#### Records supplied
--- START ---

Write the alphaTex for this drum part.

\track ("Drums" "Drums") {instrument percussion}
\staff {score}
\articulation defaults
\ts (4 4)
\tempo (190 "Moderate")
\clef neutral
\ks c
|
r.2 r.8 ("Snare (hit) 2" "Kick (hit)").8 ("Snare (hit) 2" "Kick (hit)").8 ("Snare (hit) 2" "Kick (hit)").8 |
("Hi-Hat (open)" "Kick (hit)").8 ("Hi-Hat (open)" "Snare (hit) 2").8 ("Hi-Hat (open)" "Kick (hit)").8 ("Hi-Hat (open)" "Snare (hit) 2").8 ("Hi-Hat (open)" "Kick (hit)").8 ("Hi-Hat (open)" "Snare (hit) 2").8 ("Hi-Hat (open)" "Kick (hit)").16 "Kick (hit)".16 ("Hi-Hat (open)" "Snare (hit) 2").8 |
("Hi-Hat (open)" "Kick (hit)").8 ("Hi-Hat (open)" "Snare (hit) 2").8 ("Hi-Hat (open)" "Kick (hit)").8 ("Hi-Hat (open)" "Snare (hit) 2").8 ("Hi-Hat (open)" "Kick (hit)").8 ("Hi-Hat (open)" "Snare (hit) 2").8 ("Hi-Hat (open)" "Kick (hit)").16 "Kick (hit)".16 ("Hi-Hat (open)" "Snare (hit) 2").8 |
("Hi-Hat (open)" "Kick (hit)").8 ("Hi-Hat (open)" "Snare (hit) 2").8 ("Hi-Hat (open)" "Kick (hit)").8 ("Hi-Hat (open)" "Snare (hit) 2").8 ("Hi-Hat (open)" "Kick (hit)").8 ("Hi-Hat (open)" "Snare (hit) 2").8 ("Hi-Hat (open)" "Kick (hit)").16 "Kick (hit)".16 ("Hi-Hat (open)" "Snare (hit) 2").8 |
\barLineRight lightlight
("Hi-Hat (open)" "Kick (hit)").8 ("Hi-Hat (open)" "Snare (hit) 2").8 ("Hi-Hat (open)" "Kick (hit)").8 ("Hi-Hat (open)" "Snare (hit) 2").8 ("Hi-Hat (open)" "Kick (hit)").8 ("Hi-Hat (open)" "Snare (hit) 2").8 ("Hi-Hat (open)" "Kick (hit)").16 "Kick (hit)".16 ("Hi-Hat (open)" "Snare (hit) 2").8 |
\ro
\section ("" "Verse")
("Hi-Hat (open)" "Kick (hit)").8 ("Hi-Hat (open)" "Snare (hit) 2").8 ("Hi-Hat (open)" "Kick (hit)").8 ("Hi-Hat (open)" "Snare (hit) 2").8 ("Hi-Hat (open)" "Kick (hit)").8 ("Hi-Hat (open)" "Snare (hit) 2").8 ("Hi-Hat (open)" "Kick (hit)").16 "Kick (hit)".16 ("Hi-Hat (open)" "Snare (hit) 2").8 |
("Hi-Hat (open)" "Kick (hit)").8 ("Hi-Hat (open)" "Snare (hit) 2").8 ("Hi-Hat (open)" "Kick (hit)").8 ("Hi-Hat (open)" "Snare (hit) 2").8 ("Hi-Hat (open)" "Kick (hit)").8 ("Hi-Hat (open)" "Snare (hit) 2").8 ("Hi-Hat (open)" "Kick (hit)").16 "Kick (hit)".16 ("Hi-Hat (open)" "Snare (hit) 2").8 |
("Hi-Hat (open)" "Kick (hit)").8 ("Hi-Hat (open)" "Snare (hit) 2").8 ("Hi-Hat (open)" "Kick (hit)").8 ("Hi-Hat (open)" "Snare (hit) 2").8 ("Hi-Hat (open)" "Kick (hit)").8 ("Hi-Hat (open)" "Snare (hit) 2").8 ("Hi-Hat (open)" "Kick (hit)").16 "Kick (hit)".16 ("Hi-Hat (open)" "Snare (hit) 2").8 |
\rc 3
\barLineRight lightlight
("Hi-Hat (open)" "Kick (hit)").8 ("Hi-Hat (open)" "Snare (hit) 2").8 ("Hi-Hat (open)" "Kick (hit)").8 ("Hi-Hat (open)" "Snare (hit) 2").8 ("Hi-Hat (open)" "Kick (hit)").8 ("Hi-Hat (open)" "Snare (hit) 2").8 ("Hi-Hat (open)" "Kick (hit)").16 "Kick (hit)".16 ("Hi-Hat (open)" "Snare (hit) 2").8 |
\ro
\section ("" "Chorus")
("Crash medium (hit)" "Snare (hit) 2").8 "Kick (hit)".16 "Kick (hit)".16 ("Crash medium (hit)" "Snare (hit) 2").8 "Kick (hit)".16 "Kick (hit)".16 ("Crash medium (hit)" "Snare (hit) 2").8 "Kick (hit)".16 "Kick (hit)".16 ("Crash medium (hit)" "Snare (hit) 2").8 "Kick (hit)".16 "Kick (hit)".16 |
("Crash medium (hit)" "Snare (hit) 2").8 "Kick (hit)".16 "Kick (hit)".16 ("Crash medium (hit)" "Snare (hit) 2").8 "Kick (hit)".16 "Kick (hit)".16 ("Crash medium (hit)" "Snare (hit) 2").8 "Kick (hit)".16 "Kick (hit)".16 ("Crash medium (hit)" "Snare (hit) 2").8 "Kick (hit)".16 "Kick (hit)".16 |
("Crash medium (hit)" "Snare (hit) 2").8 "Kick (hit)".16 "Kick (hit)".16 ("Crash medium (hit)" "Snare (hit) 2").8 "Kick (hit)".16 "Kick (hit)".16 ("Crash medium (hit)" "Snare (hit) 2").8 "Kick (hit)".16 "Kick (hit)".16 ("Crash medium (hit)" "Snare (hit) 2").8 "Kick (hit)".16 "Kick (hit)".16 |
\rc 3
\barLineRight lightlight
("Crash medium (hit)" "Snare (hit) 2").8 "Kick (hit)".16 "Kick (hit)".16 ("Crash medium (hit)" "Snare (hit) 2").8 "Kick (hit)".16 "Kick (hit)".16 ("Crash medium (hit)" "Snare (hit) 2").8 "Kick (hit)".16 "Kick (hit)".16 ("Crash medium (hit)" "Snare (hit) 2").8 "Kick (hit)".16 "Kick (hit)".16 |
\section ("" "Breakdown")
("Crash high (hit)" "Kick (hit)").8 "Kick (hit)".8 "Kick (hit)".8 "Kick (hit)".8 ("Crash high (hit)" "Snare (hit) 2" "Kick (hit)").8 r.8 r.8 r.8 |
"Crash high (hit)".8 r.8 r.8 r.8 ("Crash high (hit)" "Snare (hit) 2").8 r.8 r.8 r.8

--- END ---

#### Exercise details
Print every record exactly as it was given.

#### Exercise output
Write the alphaTex for this drum part.

\track ("Drums" "Drums") {instrument percussion}
\staff {score}
\articulation defaults
\ts (4 4)
\tempo (190 "Moderate")
\clef neutral
\ks c
|
r.2 r.8 ("Snare (hit) 2" "Kick (hit)").8 ("Snare (hit) 2" "Kick (hit)").8 ("Snare (hit) 2" "Kick (hit)").8 |
("Hi-Hat (open)" "Kick (hit)").8 ("Hi-Hat (open)" "Snare (hit) 2").8 ("Hi-Hat (open)" "Kick (hit)").8 ("Hi-Hat (open)" "Snare (hit) 2").8 ("Hi-Hat (open)" "Kick (hit)").8 ("Hi-Hat (open)" "Snare (hit) 2").8 ("Hi-Hat (open)" "Kick (hit)").16 "Kick (hit)".16 ("Hi-Hat (open)" "Snare (hit) 2").8 |
("Hi-Hat (open)" "Kick (hit)").8 ("Hi-Hat (open)" "Snare (hit) 2").8 ("Hi-Hat (open)" "Kick (hit)").8 ("Hi-Hat (open)" "Snare (hit) 2").8 ("Hi-Hat (open)" "Kick (hit)").8 ("Hi-Hat (open)" "Snare (hit) 2").8 ("Hi-Hat (open)" "Kick (hit)").16 "Kick (hit)".16 ("Hi-Hat (open)" "Snare (hit) 2").8 |
("Hi-Hat (open)" "Kick (hit)").8 ("Hi-Hat (open)" "Snare (hit) 2").8 ("Hi-Hat (open)" "Kick (hit)").8 ("Hi-Hat (open)" "Snare (hit) 2").8 ("Hi-Hat (open)" "Kick (hit)").8 ("Hi-Hat (open)" "Snare (hit) 2").8 ("Hi-Hat (open)" "Kick (hit)").16 "Kick (hit)".16 ("Hi-Hat (open)" "Snare (hit) 2").8 |
\barLineRight lightlight
("Hi-Hat (open)" "Kick (hit)").8 ("Hi-Hat (open)" "Snare (hit) 2").8 ("Hi-Hat (open)" "Kick (hit)").8 ("Hi-Hat (open)" "Snare (hit) 2").8 ("Hi-Hat (open)" "Kick (hit)").8 ("Hi-Hat (open)" "Snare (hit) 2").8 ("Hi-Hat (open)" "Kick (hit)").16 "Kick (hit)".16 ("Hi-Hat (open)" "Snare (hit) 2").8 |
\ro
\section ("" "Verse")
("Hi-Hat (open)" "Kick (hit)").8 ("Hi-Hat (open)" "Snare (hit) 2").8 ("Hi-Hat (open)" "Kick (hit)").8 ("Hi-Hat (open)" "Snare (hit) 2").8 ("Hi-Hat (open)" "Kick (hit)").8 ("Hi-Hat (open)" "Snare (hit) 2").8 ("Hi-Hat (open)" "Kick (hit)").16 "Kick (hit)".16 ("Hi-Hat (open)" "Snare (hit) 2").8 |
("Hi-Hat (open)" "Kick (hit)").8 ("Hi-Hat (open)" "Snare (hit) 2").8 ("Hi-Hat (open)" "Kick (hit)").8 ("Hi-Hat (open)" "Snare (hit) 2").8 ("Hi-Hat (open)" "Kick (hit)").8 ("Hi-Hat (open)" "Snare (hit) 2").8 ("Hi-Hat (open)" "Kick (hit)").16 "Kick (hit)".16 ("Hi-Hat (open)" "Snare (hit) 2").8 |
("Hi-Hat (open)" "Kick (hit)").8 ("Hi-Hat (open)" "Snare (hit) 2").8 ("Hi-Hat (open)" "Kick (hit)").8 ("Hi-Hat (open)" "Snare (hit) 2").8 ("Hi-Hat (open)" "Kick (hit)").8 ("Hi-Hat (open)" "Snare (hit) 2").8 ("Hi-Hat (open)" "Kick (hit)").16 "Kick (hit)".16 ("Hi-Hat (open)" "Snare (hit) 2").8 |
\rc 3
\barLineRight lightlight
("Hi-Hat (open)" "Kick (hit)").8 ("Hi-Hat (open)" "Snare (hit) 2").8 ("Hi-Hat (open)" "Kick (hit)").8 ("Hi-Hat (open)" "Snare (hit) 2").8 ("Hi-Hat (open)" "Kick (hit)").8 ("Hi-Hat (open)" "Snare (hit) 2").8 ("Hi-Hat (open)" "Kick (hit)").16 "Kick (hit)".16 ("Hi-Hat (open)" "Snare (hit) 2").8 |
\ro
\section ("" "Chorus")
("Crash medium (hit)" "Snare (hit) 2").8 "Kick (hit)".16 "Kick (hit)".16 ("Crash medium (hit)" "Snare (hit) 2").8 "Kick (hit)".16 "Kick (hit)".16 ("Crash medium (hit)" "Snare (hit) 2").8 "Kick (hit)".16 "Kick (hit)".16 ("Crash medium (hit)" "Snare (hit) 2").8 "Kick (hit)".16 "Kick (hit)".16 |
("Crash medium (hit)" "Snare (hit) 2").8 "Kick (hit)".16 "Kick (hit)".16 ("Crash medium (hit)" "Snare (hit) 2").8 "Kick (hit)".16 "Kick (hit)".16 ("Crash medium (hit)" "Snare (hit) 2").8 "Kick (hit)".16 "Kick (hit)".16 ("Crash medium (hit)" "Snare (hit) 2").8 "Kick (hit)".16 "Kick (hit)".16 |
("Crash medium (hit)" "Snare (hit) 2").8 "Kick (hit)".16 "Kick (hit)".16 ("Crash medium (hit)" "Snare (hit) 2").8 "Kick (hit)".16 "Kick (hit)".16 ("Crash medium (hit)" "Snare (hit) 2").8 "Kick (hit)".16 "Kick (hit)".16 ("Crash medium (hit)" "Snare (hit) 2").8 "Kick (hit)".16 "Kick (hit)".16 |
\rc 3
\barLineRight lightlight
("Crash medium (hit)" "Snare (hit) 2").8 "Kick (hit)".16 "Kick (hit)".16 ("Crash medium (hit)" "Snare (hit) 2").8 "Kick (hit)".16 "Kick (hit)".16 ("Crash medium (hit)" "Snare (hit) 2").8 "Kick (hit)".16 "Kick (hit)".16 ("Crash medium (hit)" "Snare (hit) 2").8 "Kick (hit)".16 "Kick (hit)".16 |
\section ("" "Breakdown")
("Crash high (hit)" "Kick (hit)").8 "Kick (hit)".8 "Kick (hit)".8 "Kick (hit)".8 ("Crash high (hit)" "Snare (hit) 2" "Kick (hit)").8 r.8 r.8 r.8 |
"Crash high (hit)".8 r.8 r.8 r.8 ("Crash high (hit)" "Snare (hit) 2").8 r.8 r.8 r.8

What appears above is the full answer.